Reproduce word for word the line that contains "Convert formula to" and every line after it to the end of the records, with nothing else added.

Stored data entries
────────────────────

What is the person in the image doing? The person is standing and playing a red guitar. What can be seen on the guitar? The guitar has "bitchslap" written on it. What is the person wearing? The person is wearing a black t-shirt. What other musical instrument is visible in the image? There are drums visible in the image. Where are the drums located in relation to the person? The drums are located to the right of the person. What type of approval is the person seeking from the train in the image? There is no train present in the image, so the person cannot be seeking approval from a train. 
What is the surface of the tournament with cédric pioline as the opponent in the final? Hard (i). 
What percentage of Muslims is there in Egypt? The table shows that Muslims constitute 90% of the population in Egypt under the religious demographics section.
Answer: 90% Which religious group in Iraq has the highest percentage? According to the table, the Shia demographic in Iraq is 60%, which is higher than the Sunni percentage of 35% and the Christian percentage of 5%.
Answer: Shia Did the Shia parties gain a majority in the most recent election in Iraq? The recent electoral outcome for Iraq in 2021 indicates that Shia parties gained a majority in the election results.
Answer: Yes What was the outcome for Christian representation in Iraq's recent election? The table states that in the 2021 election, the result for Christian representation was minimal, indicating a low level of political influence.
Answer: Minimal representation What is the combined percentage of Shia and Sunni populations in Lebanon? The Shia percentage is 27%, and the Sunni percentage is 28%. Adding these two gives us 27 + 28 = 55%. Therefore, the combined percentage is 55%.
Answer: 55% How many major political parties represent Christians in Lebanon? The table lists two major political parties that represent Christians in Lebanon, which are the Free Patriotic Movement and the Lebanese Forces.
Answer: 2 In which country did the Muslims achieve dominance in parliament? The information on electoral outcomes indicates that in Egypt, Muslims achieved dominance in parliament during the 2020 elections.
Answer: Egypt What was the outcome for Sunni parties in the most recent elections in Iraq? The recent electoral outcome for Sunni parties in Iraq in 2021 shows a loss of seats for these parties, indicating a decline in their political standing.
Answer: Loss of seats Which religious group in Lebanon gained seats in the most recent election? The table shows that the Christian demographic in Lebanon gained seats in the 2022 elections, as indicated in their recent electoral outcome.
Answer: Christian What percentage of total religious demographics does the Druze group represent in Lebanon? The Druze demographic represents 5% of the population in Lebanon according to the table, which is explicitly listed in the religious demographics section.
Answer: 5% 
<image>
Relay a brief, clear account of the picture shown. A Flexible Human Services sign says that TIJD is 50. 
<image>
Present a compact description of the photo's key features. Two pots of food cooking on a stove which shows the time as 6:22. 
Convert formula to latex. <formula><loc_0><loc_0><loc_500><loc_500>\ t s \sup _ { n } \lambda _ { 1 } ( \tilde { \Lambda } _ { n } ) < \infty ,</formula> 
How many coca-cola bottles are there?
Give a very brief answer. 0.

────────────────────

Result of this exercise:
Convert formula to latex. <formula><loc_0><loc_0><loc_500><loc_500>\ t s \sup _ { n } \lambda _ { 1 } ( \tilde { \Lambda } _ { n } ) < \infty ,</formula> 
How many coca-cola bottles are there?
Give a very brief answer. 0.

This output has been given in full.